First, Jesus became the ultimate sacriﬁce. Jesus had an existence before He came to earth (Micah 5:2; John 1:1; 8:58). Jesus, the Word (logos), had enjoyed all the splendor of Heaven as God (Philippians 2:7-8). Jesus offered Himself as a sin offering for all the sins of man (Isaiah 53:10; Hebrews 10:1-10, 12, 14). Jesus said, “For this is my blood of the New Testament, which is shed for many for the remission of sins” (Matthew 26:28; Acts 2:38). All the great men of the world combined could not help man with his sins. Jesus is the sacriﬁcial “Lamb of God, which taketh away the sin of the world” (John 1:29).
Second, Jesus became the supreme mediator. A mediator is a go-between, one who acts in behalf of two parties, in this case God and man. Jesus is the one and only mediator between God and man (1 Timothy 2:5). Jesus is peculiarly qualiﬁed because He is both God and man. Hebrews 1:8 says, “But unto the Son he saith, Thy throne, O God, is for ever and ever: a sceptre of righteousness is the sceptre of thy kingdom.” Jesus, then, became the entrance to the Father.

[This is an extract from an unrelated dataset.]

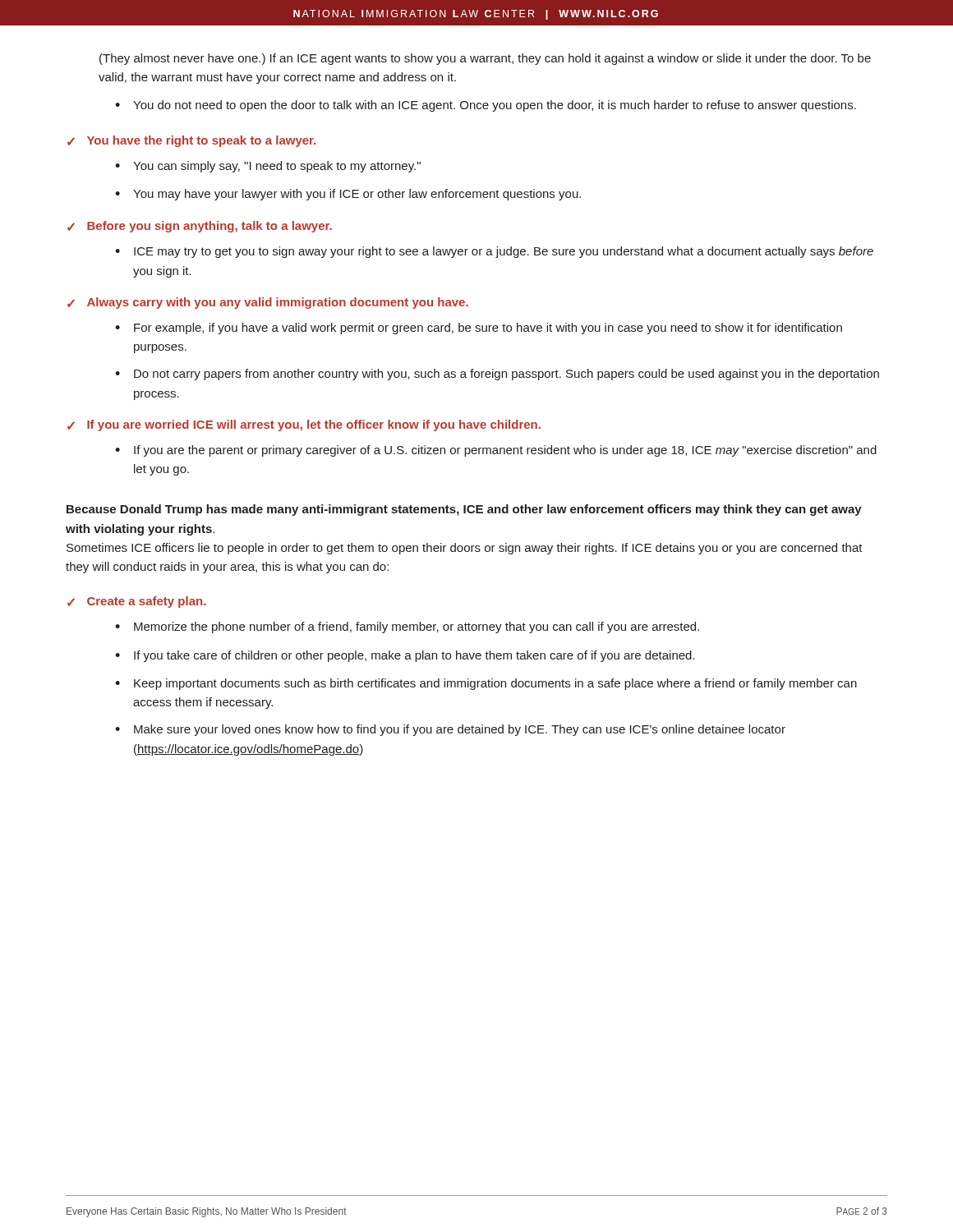Locate the list item containing "• Make sure your loved ones know"
This screenshot has width=953, height=1232.
point(501,739)

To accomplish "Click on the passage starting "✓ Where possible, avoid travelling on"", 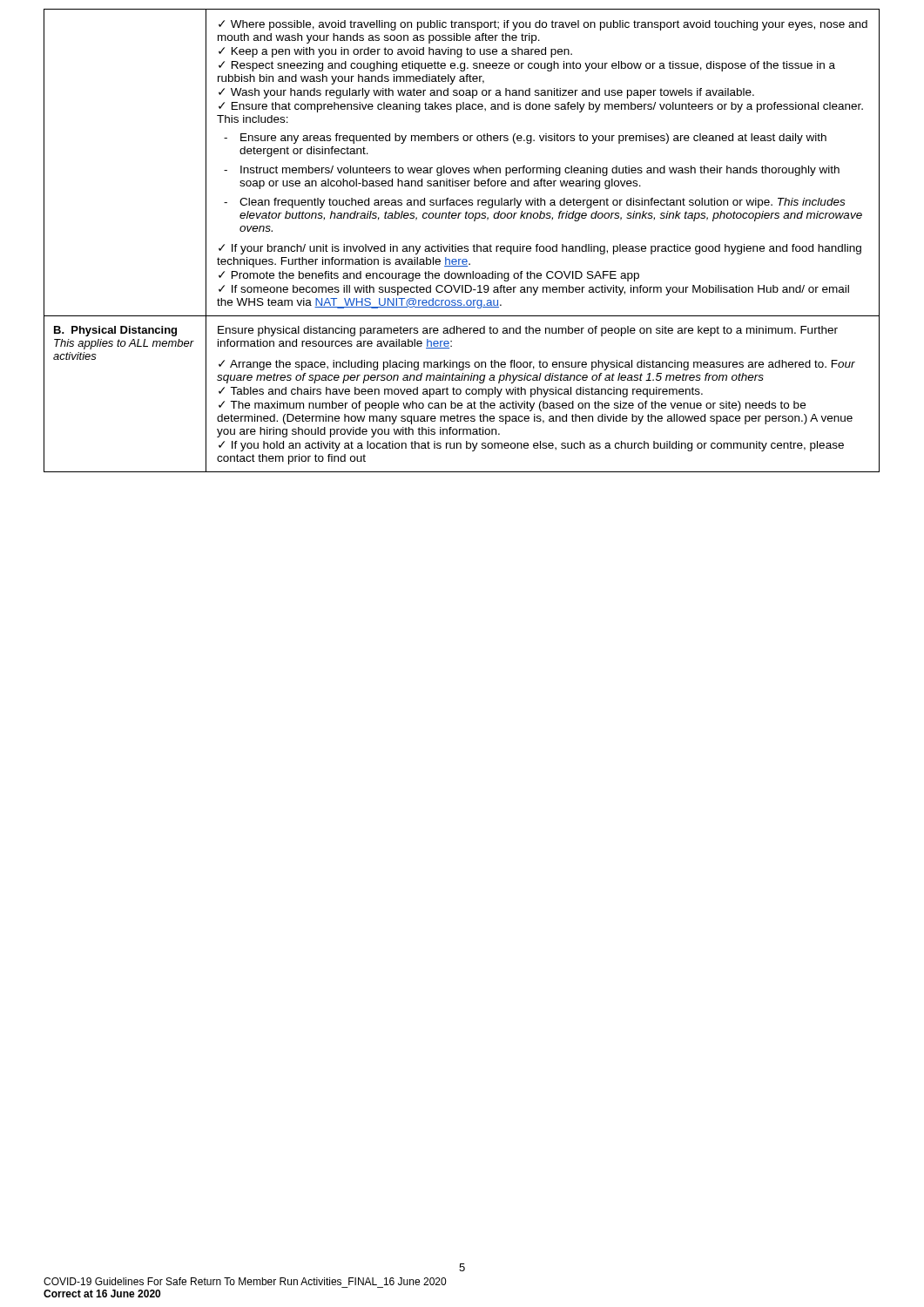I will tap(543, 30).

Hear Him: “I am the way, the truth, and the life: no man cometh unto the Father, but by me” (John 14:6).
Third, Jesus set the perfect example. Peter said of Jesus, “… leaving us an example” (1 Peter 2:21). “Example” is from the Greek hupogrammos. Vine says that hupogrammos means, “from hupographo, to write under, to trace letters for copying by scholars” (Expository Dictionary of New Testament Words). Hence, Jesus is the perfect writing, if you will, whom we are to seek to duplicate. Jesus is our example in prayer, standing for the truth, and rebuking sinners (Luke 6:12; Matthew 4: 4, 7, 10; Matthew 23:1-33). Jesus is our exemplar in the matter of service and keeping God’s commandments (John 4:34; 13:7-16).

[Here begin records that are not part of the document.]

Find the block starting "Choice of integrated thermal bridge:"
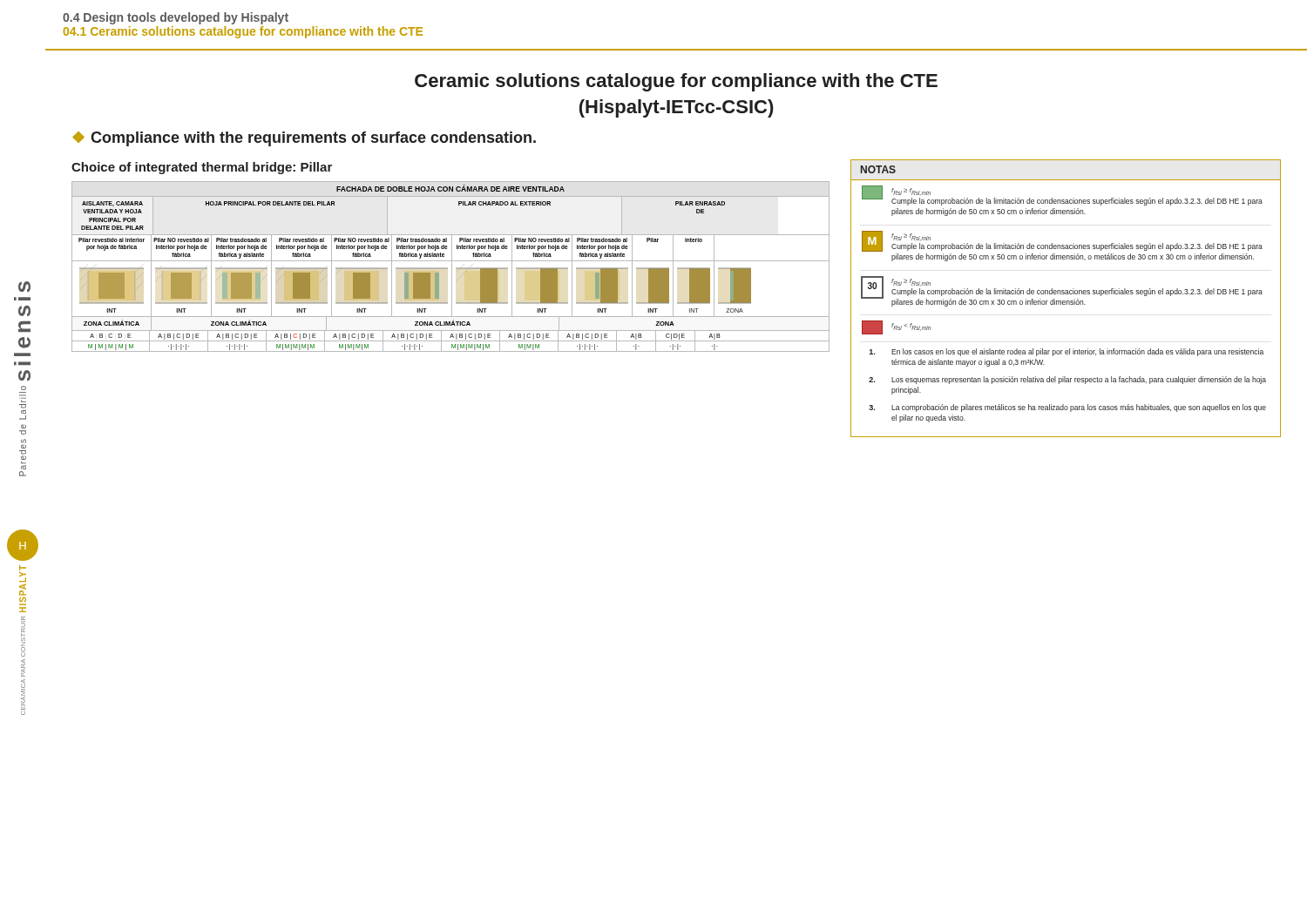point(202,167)
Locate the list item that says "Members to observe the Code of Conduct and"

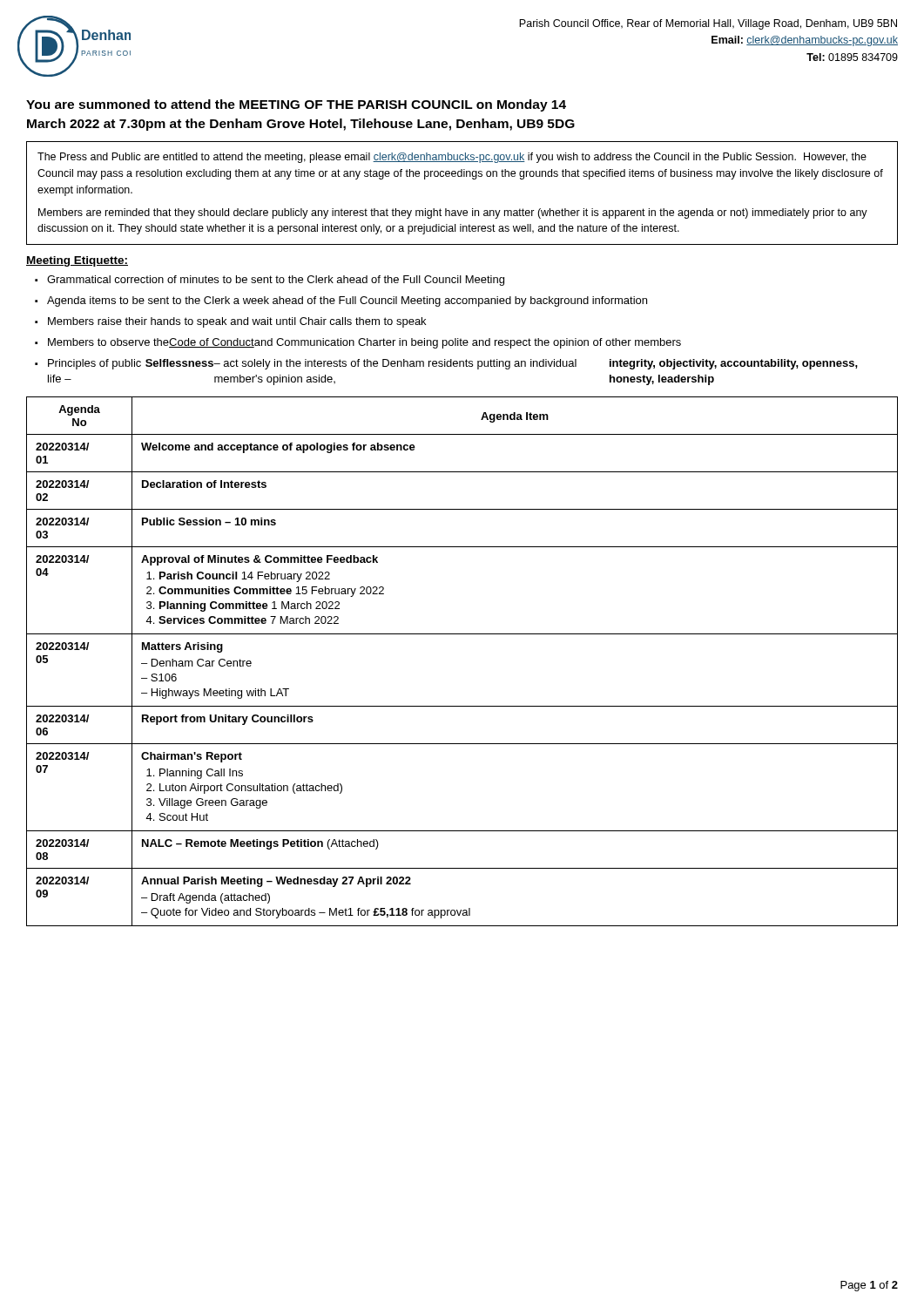364,342
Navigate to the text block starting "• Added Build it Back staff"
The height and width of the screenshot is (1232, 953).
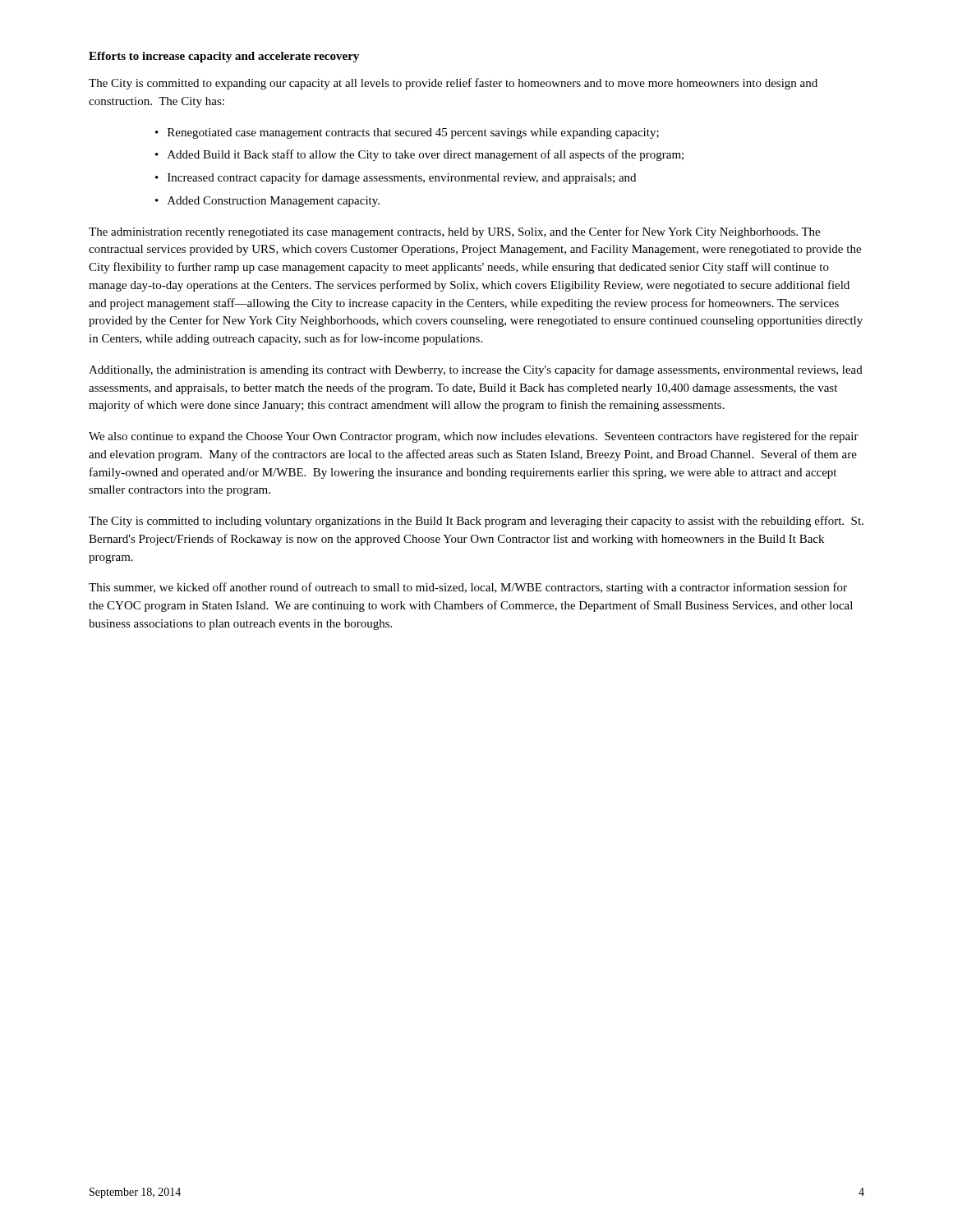click(x=420, y=155)

Fourth, Jesus provided deﬁnitive teaching for the world. He was the world’s most outstanding teacher (Matthew 5:2). Jesus taught “them as one having authority, and not as the scribes” (Matthew 7:29). Therefore, people then and now are amazed and wonder at His words (vs. 28). Jesus’ teaching is applicable, practical, and concrete. It is also exclusive, I might add. Hence, to go beyond Jesus’ teaching is serious. John said, “Whosoever transgresseth, and abideth not in the doctrine of Christ, hath not God. He that abideth in the doctrine of Christ, he hath both the Father and the Son” (2 John 9). Jesus’ teaching is also so complete that all other teaching is forbidden (2 John 10-11, Galatians 1:6-10). In addition to the teaching that Jesus personally spoke while on earth, He articulated His will through His apostles: “If any man think himself to be a prophet, or spiritual, let him acknowledge that the things that I write unto you are the commandments of the Lord” (1 Corinthians 14:37).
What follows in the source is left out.